§ **Records supplied**:
■ ■ ■

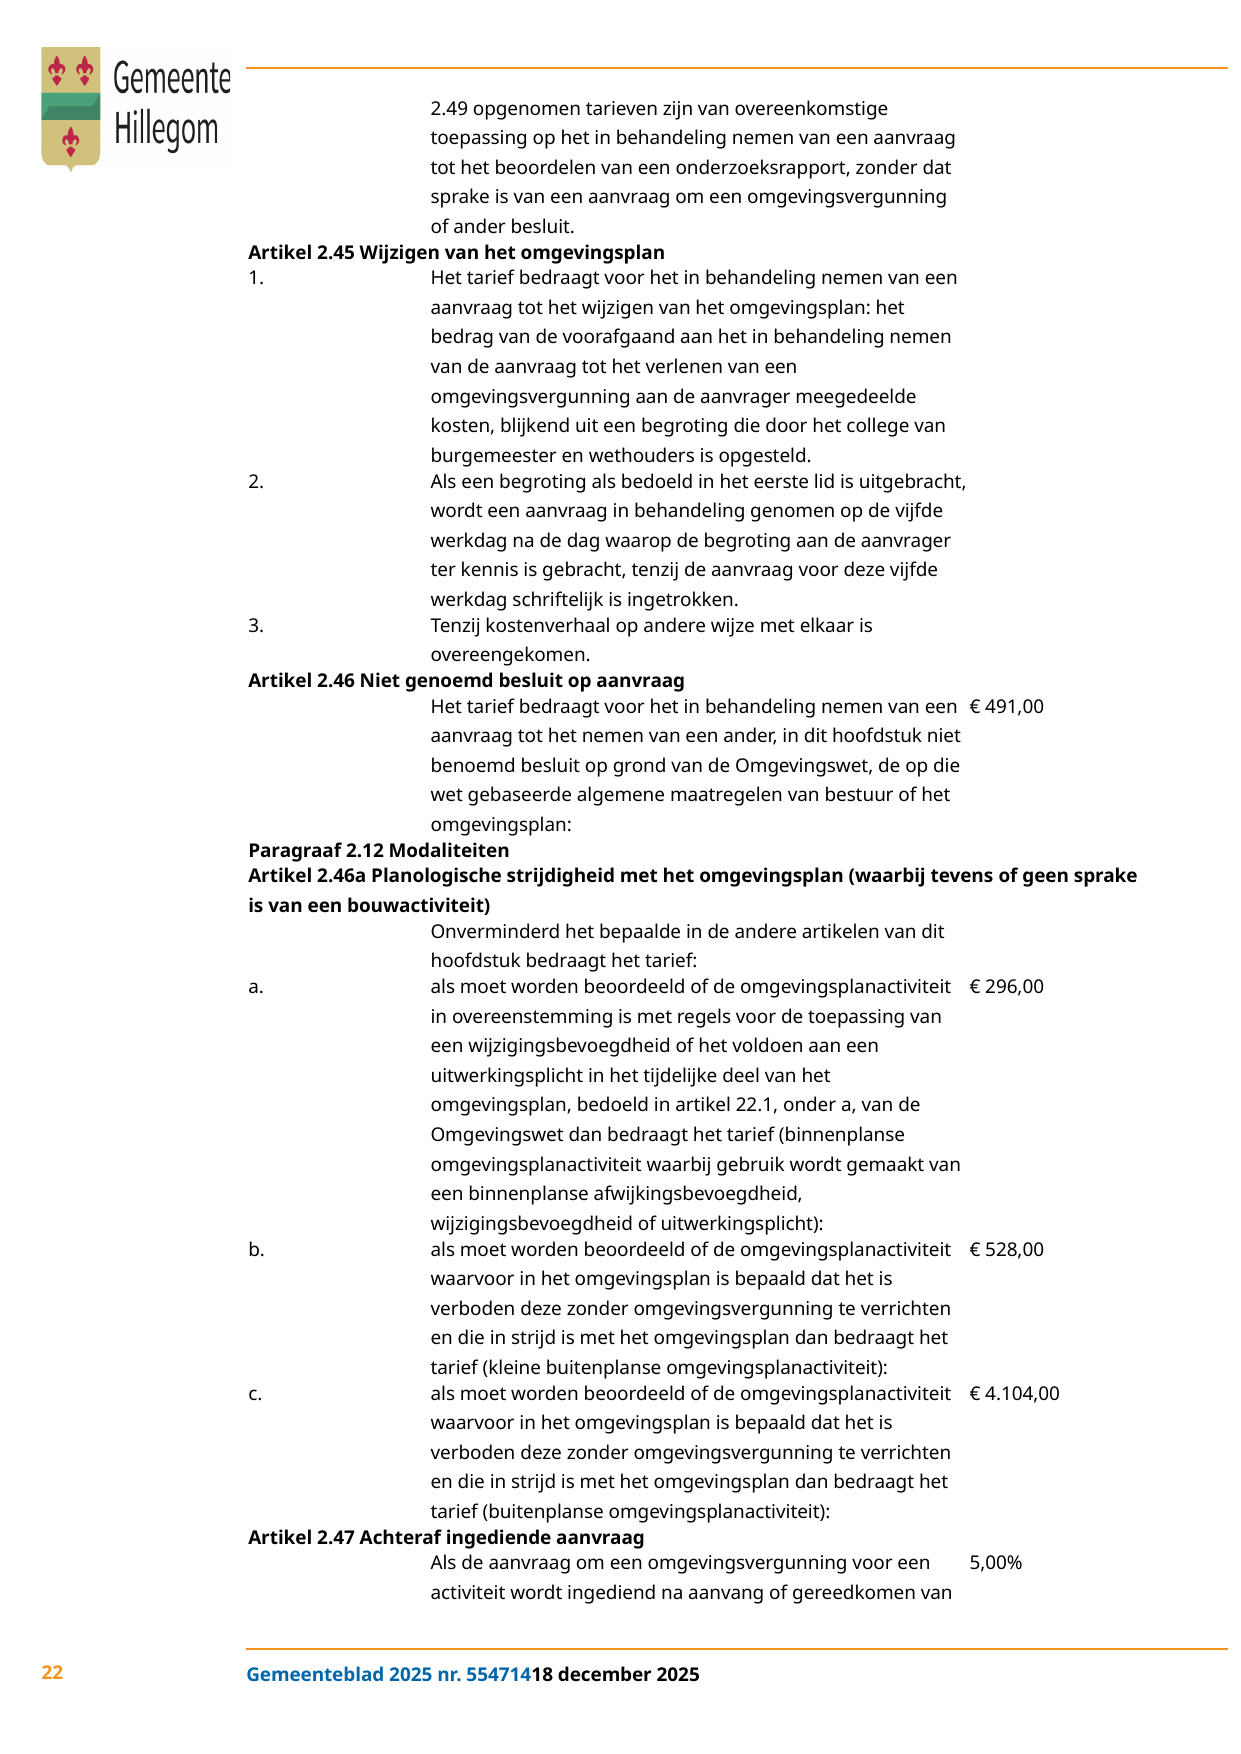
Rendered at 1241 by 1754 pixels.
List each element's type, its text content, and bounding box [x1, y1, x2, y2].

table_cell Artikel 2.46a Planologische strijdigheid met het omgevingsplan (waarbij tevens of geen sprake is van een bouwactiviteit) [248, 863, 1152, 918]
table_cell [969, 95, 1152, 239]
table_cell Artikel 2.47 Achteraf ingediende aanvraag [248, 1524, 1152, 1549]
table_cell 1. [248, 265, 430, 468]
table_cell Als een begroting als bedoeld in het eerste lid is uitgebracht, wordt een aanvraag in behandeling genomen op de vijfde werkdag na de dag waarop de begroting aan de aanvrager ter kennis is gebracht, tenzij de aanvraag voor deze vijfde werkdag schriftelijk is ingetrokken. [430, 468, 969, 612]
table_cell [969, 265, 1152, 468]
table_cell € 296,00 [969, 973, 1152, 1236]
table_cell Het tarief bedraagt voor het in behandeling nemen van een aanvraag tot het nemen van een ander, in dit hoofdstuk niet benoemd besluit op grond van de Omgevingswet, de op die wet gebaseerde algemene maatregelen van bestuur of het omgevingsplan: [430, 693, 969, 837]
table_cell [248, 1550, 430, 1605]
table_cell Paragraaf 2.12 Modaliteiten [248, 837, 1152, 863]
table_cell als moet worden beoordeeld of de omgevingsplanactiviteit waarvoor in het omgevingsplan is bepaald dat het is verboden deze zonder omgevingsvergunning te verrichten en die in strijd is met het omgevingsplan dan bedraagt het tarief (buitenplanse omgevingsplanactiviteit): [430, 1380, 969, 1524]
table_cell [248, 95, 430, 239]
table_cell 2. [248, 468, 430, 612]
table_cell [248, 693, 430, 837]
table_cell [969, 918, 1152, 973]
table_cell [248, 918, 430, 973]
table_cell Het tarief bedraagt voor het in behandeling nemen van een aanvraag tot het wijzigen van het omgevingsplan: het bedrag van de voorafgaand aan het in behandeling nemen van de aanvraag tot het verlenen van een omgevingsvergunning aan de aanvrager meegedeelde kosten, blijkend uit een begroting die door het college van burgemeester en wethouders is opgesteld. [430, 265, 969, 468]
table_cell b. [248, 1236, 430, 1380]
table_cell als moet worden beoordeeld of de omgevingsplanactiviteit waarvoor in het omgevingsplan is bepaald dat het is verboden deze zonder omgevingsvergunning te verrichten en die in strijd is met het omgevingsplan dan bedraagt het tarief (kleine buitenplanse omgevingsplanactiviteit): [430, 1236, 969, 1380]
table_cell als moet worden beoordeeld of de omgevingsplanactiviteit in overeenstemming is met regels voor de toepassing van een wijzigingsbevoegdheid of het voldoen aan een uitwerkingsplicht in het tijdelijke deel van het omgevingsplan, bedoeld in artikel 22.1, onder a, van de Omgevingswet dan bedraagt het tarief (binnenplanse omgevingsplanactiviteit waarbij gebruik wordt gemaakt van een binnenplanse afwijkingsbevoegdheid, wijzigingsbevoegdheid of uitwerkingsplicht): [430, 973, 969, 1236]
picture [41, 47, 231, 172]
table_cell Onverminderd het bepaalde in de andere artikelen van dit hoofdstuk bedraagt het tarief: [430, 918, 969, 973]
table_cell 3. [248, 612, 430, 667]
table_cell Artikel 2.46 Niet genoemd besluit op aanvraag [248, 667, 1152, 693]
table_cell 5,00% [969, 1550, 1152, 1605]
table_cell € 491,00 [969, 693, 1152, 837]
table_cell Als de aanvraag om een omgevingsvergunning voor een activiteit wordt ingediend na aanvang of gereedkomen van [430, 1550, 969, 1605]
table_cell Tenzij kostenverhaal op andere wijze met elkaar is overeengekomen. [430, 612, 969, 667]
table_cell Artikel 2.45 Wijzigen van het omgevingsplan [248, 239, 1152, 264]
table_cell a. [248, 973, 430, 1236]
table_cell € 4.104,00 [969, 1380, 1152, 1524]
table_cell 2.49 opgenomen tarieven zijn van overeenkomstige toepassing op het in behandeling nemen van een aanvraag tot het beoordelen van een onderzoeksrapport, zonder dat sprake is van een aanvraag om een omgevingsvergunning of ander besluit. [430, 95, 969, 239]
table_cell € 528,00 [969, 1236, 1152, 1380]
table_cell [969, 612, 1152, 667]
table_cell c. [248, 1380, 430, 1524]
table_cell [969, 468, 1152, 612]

■ ■ ■

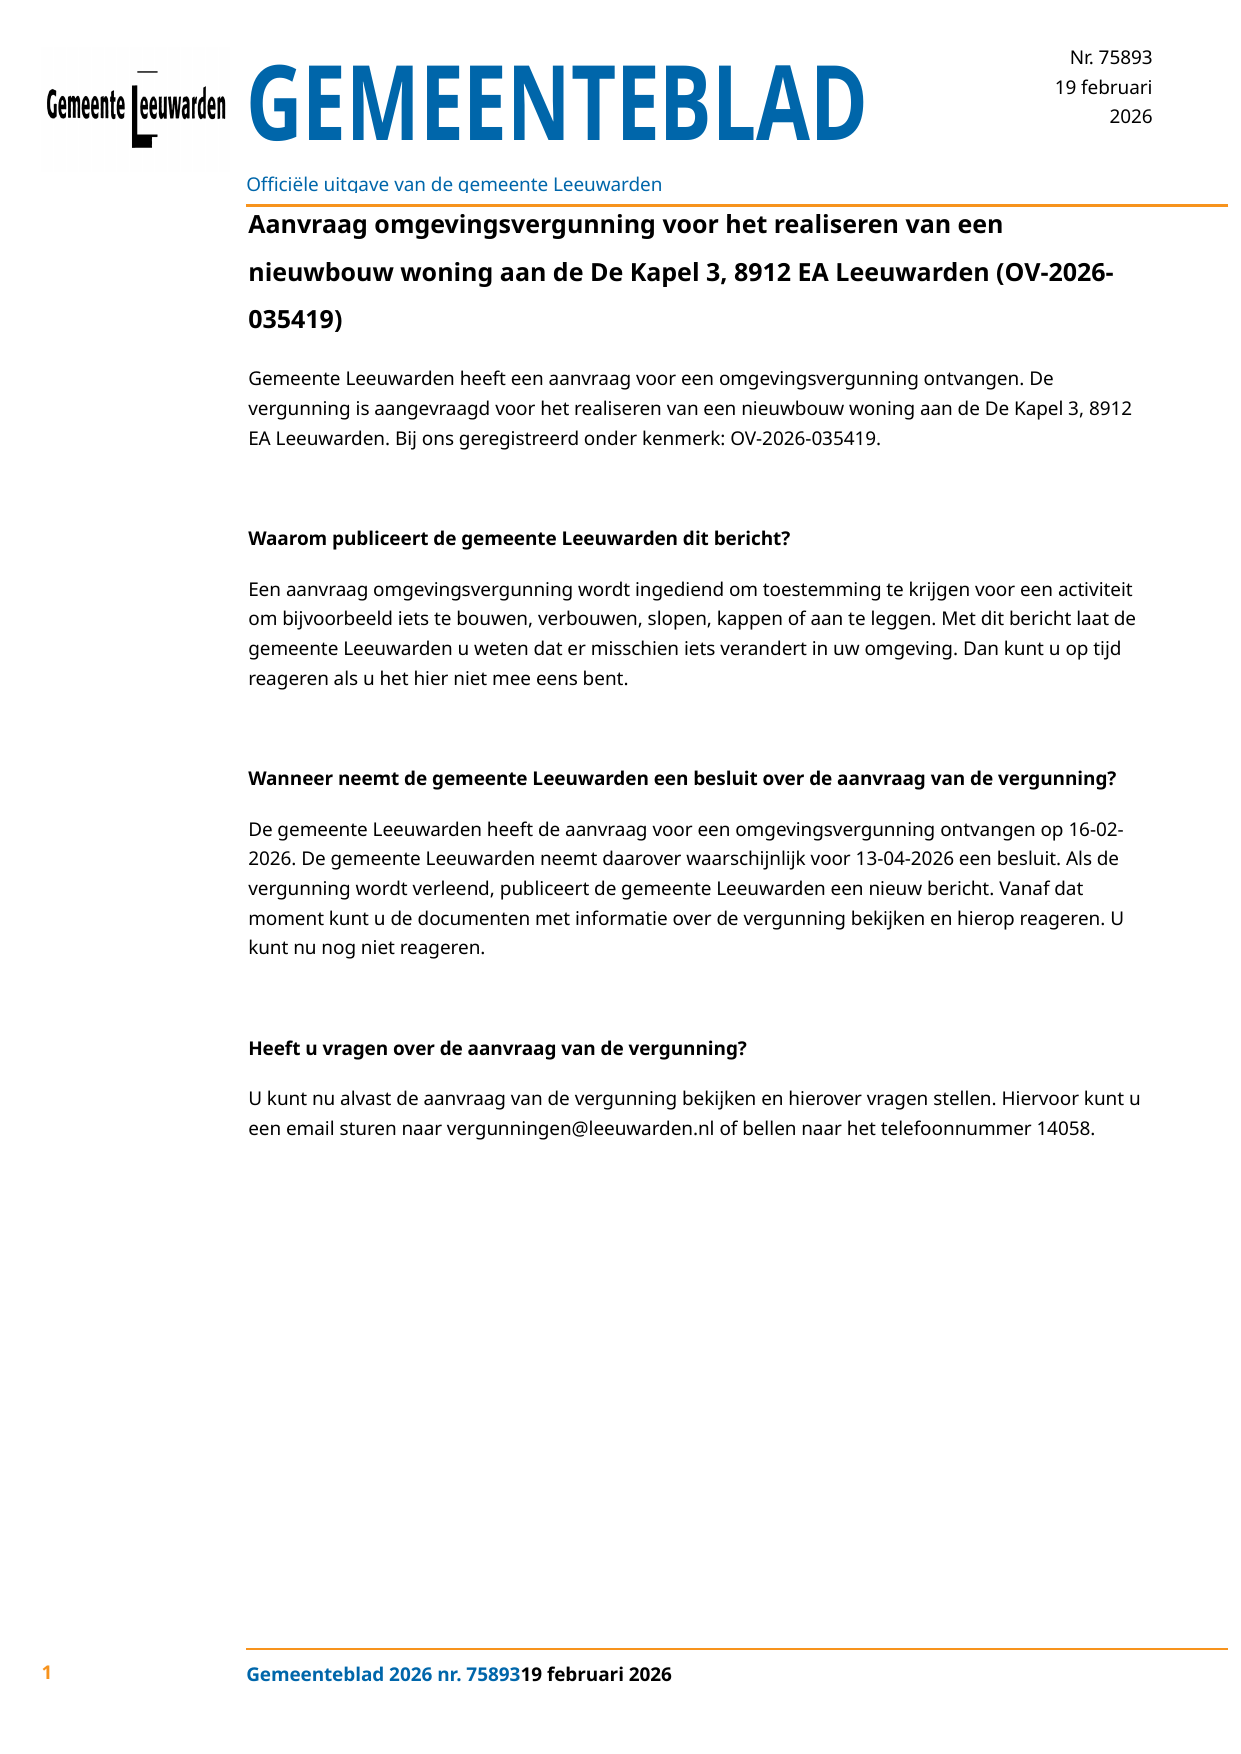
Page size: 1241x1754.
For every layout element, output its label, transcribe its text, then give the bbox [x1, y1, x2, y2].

■ ■ ■

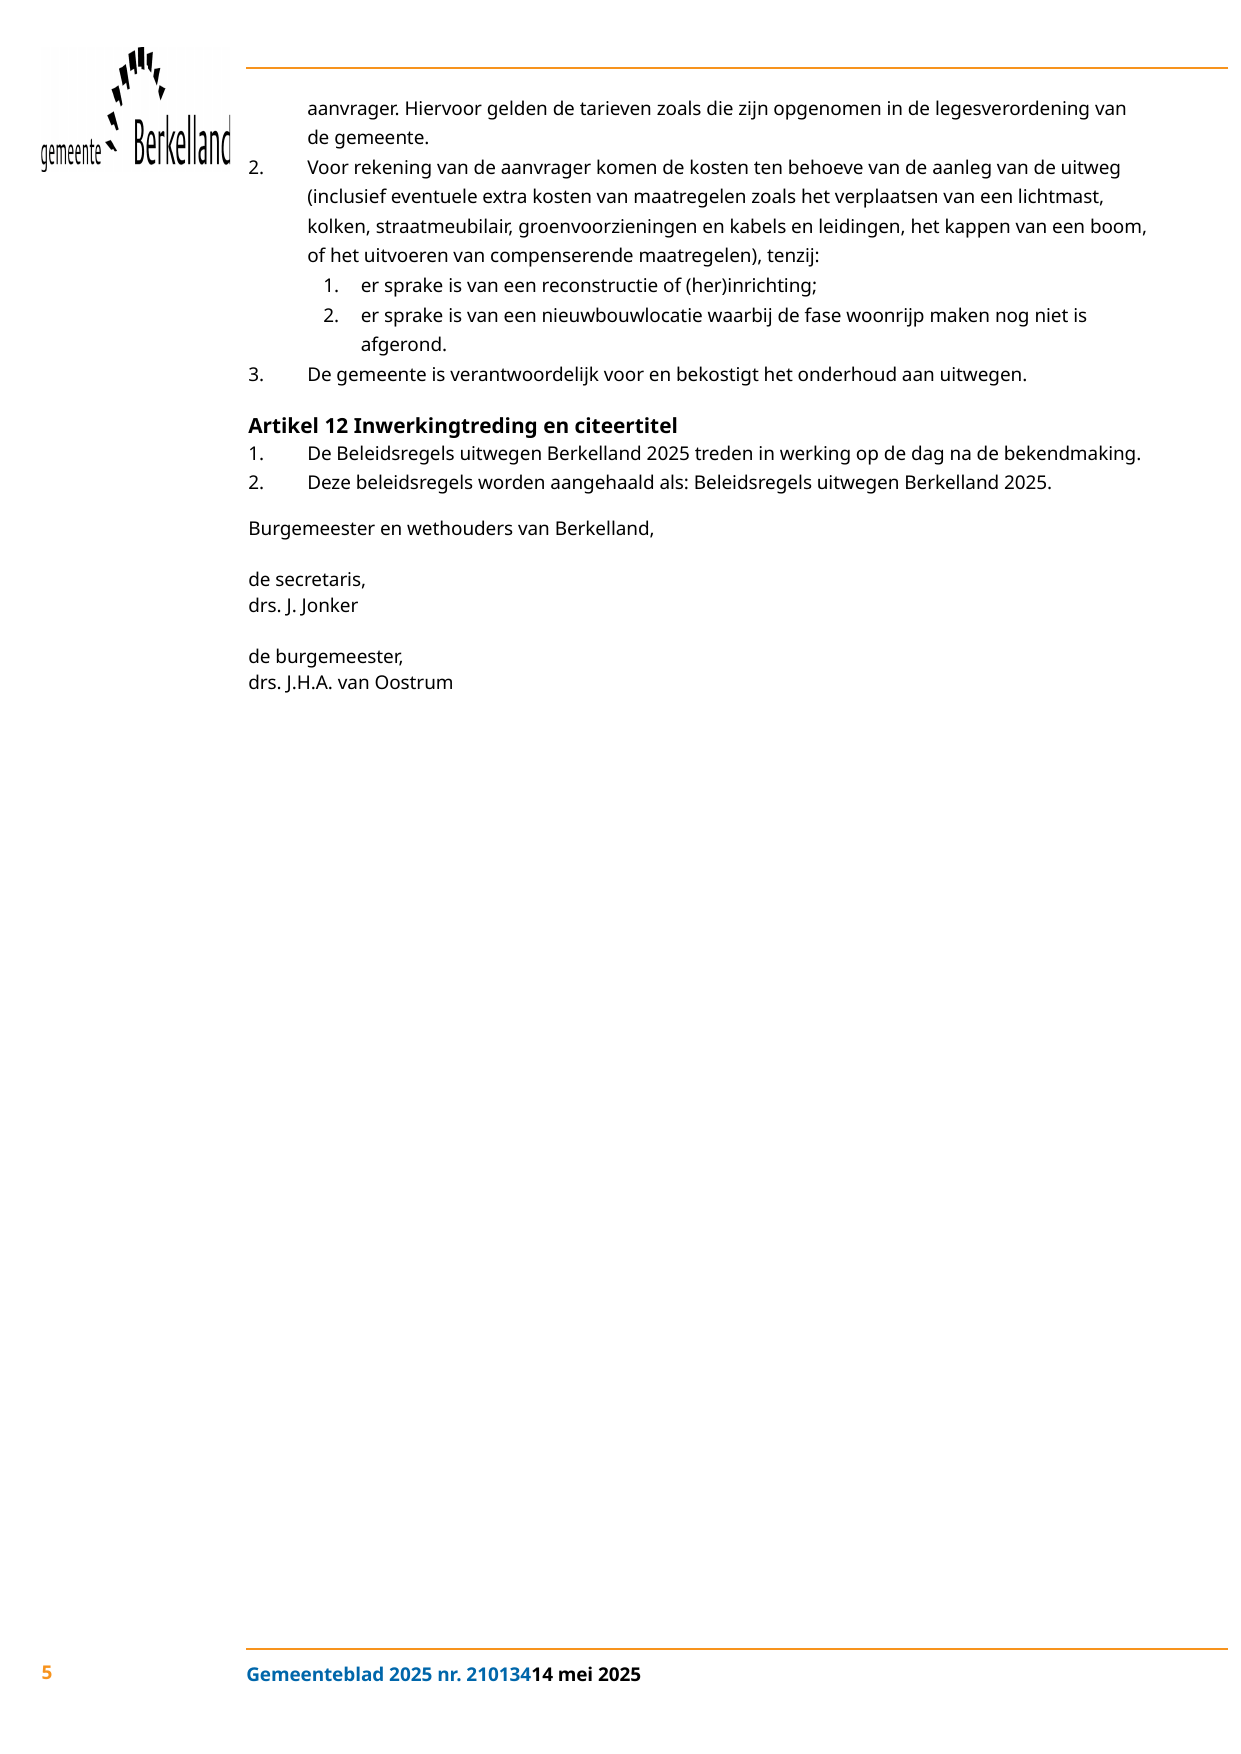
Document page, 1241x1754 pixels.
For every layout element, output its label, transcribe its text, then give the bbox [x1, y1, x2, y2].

■ ■ ■

§ **Requirement**: Please list every line of the records that contains "pixels".

§ **Reply to the exercise**:
Rendered at 1241 by 1754 pixels.
Document page, 1241x1754 pixels.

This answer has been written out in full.